▶ WORK REQUEST: Using the listing below, extract each line that has the word "name" in it.

(ENTRIES SUPPLIED begins)

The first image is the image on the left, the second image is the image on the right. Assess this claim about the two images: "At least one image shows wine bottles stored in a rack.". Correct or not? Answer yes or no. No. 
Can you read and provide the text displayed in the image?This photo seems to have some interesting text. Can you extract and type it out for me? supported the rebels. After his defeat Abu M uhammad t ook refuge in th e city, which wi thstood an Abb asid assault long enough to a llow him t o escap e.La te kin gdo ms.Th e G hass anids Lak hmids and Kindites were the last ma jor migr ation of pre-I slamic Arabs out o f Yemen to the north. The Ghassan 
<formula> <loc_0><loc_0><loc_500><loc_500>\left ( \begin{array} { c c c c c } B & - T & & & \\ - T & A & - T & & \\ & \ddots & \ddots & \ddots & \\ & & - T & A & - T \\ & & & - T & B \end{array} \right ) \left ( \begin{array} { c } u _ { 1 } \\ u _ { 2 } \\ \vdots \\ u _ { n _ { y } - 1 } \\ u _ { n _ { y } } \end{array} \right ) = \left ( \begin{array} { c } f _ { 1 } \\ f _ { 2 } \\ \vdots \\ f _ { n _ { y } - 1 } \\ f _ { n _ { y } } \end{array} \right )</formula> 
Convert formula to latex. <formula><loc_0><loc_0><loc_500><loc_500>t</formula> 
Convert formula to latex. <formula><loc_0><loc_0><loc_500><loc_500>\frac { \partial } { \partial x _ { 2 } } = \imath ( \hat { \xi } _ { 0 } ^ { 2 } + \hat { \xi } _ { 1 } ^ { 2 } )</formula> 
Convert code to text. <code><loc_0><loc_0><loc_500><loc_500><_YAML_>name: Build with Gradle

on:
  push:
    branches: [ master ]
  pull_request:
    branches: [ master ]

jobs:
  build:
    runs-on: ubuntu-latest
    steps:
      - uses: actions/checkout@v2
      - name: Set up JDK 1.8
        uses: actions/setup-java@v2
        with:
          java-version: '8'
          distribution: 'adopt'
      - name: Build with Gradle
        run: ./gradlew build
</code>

(ENTRIES SUPPLIED ends)

▶ PROBLEM SOLUTION:
Convert code to text. <code><loc_0><loc_0><loc_500><loc_500><_YAML_>name: Build with Gradle
      - name: Set up JDK 1.8
      - name: Build with Gradle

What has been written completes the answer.